You are not you. Not anymore. Dead but not dead. A self slipped away, and the body rendered down to cells and parts. Once it housed Something, now it simply Is. Things can die, but you don’t. Not until you do, victim to decay.

But from decay comes life. The fungi sprout and sporulate, and from the dust blooms fields of flowers, fed on the ashes of their ancestors. Once purposed organisms evolve and adapt beyond their original intent, breaking free of their design until they are something wholly new, built on the bones of their predecessors.

Things die but no one dies.

The world erodes from below and is built from above.

The creature shifts and changes, something new from ten thousand cycles of Change. 

There is no death.

Only the Cycle.

All things that die wake back up again. There has been–is–will be a Cycle in which something was killed by you or you were killed by it. But you have not killed it, not yet. Except that you have. But then you or it or another thing were ensnared, eaten— dead. And then the world pulls back and you wake right back up again.

Does Something made of Many experience a Cycle?
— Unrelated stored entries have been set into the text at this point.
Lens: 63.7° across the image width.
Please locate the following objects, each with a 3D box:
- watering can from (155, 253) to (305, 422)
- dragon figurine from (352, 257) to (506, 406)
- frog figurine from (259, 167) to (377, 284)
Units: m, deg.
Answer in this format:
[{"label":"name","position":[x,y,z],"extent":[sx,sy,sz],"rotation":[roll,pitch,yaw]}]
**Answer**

You don’t know (or perhaps you do.)

Will drags one back from death, the gnashing teeth and clawing grip of “not yet, not yet, i refuse” that fills the limbs and heart and mind, instinct and desperation and all things in between. Something basal, something primal, something stitched in a spider’s web. So many things drive one back, attachment to all things (to life) ad infinitum—

Love. Soul filling and constricting, that chokes the throat and squeezes the chest. So deep (so terrible) that it would tear down empires stone by stone. 
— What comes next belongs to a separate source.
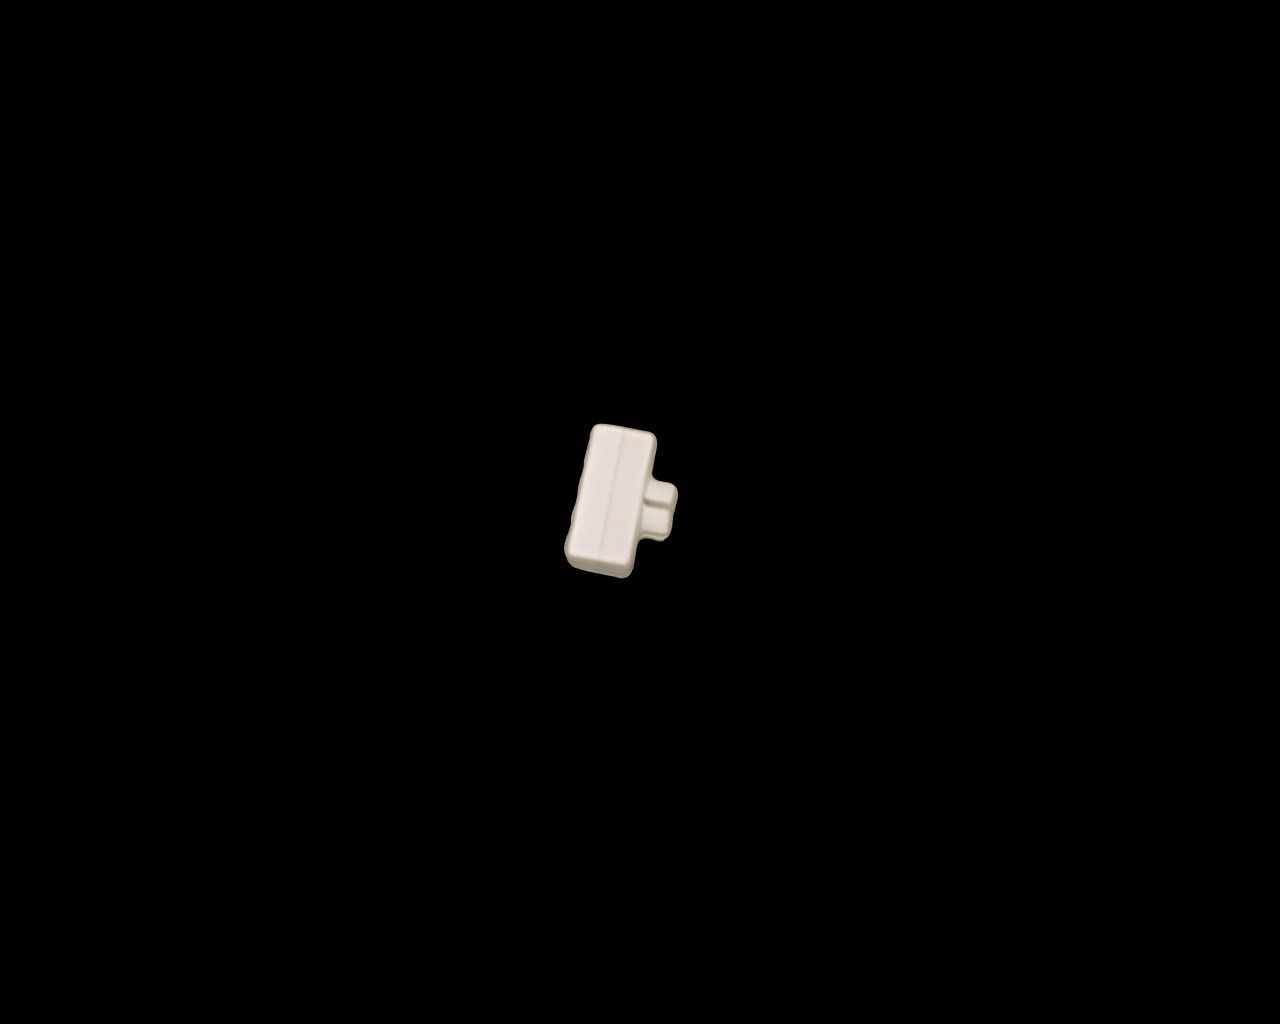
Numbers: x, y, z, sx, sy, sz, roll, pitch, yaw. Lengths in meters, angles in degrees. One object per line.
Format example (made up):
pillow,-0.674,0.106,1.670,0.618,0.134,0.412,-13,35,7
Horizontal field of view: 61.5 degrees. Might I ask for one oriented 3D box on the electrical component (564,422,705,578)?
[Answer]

Comfort. A thick wrap on a cold winter’s night. Sun on skin, warm and filling, a plant’s leaves unfurling.

Awe. The overflowing abyss of the star filled night sky. The precipice of a cliff, yawning gap stretching down down down—

Breath. Expanding the lungs, deeper, fuller, pricking the nostrils and tickling the throat, filling alveoli more more more— and then, and then, release.
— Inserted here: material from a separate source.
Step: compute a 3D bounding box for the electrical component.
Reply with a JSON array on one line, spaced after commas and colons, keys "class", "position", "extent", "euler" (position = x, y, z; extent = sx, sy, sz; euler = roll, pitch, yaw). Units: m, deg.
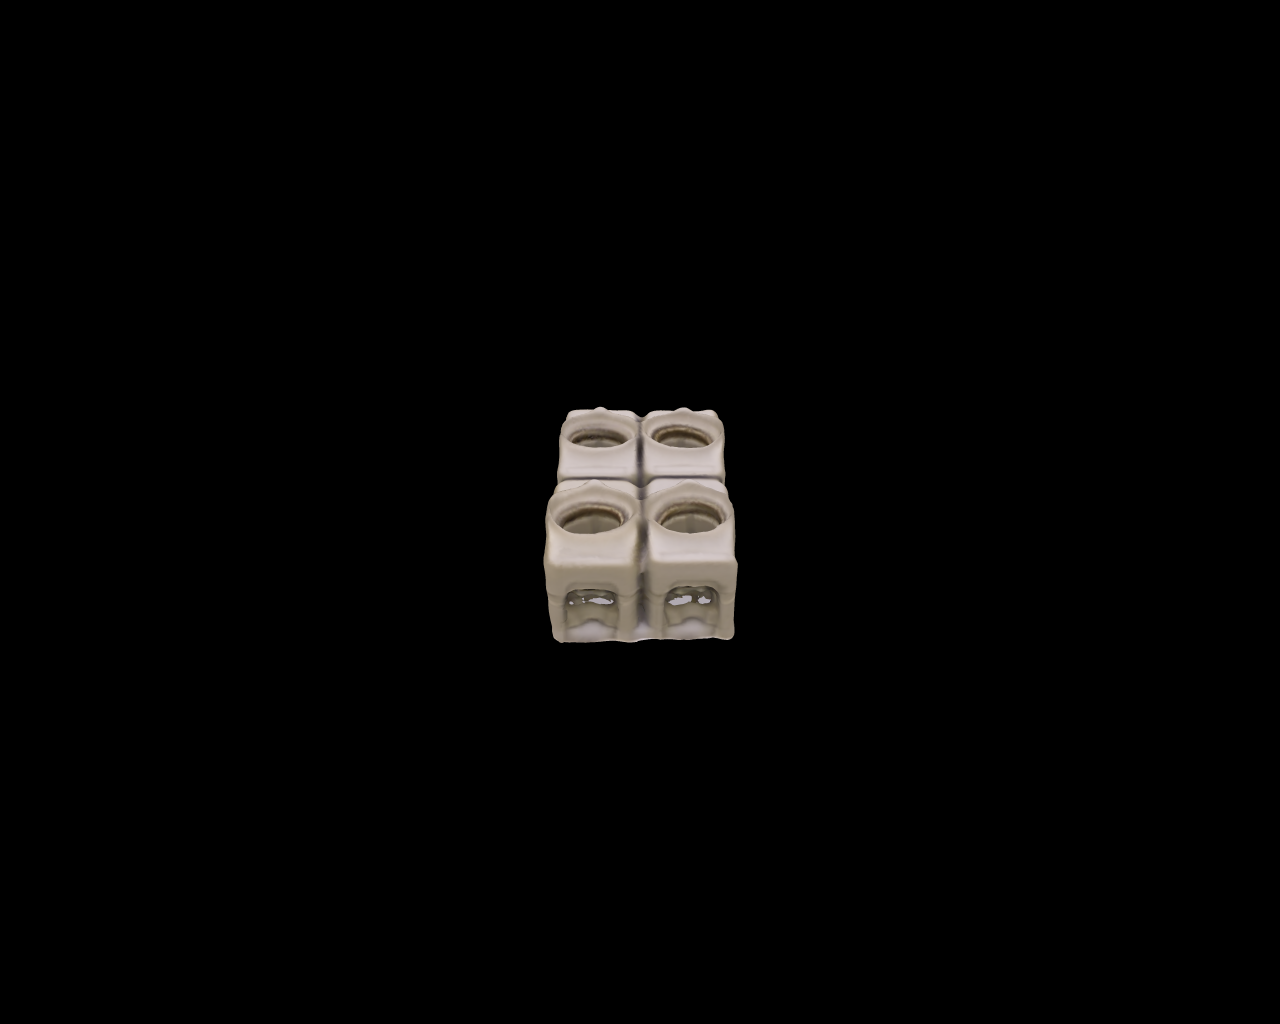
[{"class": "electrical component", "position": [0.001, -0.003, 0.650], "extent": [0.105, 0.060, 0.186], "euler": [0, 32, 0]}]

Sound. Stillness, yawning and empty, too quiet till overwhelming— motion, a thousand insects and clicking gears, NOISE that fills the mind till there’s only _____________

 

 

Life and Death.

A Cycle ever spiraling.

One never without another, an end recycled, rewound.

 

 

 

 

Notes:

The Great Oxidation event, also called the Oxygen Catastrophe, was a real phenomenon that occurred on Earth over 2 billion years ago. The rise of microbial photosynthetic organisms that produced oxygen as a byproduct - aka the form of photosynthesis we're most familiar with today - were a novel thing at the time. However, at the time the atmosphere was practically devoid of oxygen and practically no forms of life were adapted to its presence.

Free oxygen can be highly reactive to organic compounds and thus incredibly toxic. That reactivity made multicellular life possible, as its high reactivity made the ideal reducing agent to fuel most forms of multicellular metabolism (powering the electron transport chain in the mitochondria and thus the production of ATP, which is turn used to produce functionally all our intercellular chemical reactions).

However, since a majority of all life at anoxic at the time - aka adapted to an environment without oxygen - they were unprepared as it slowly accumulated. While its very difficult to put a metric on extinction of microbial life, it's thought that the biosphere (which again, was entirely microbial at this point in history) decreased by >80% .

Anyways, these early microbial organisms oxygenated the atmosphere. And the part about the oceans rusting isn't exaggeration- at the time the oceans would have been full of suspended iron ions. The reactive oxygen bound to these irons atoms - the same oxidation process that results in rust, i.e. allowing the term 'the oceans rusted' - and the iron fell out of suspension in the water and built up on the seafloor. We can see the signs of this in rock today. Banded Iron Formations are the iron that fell out of the water and settled on the sea floor, creating these band layers over half a billion years.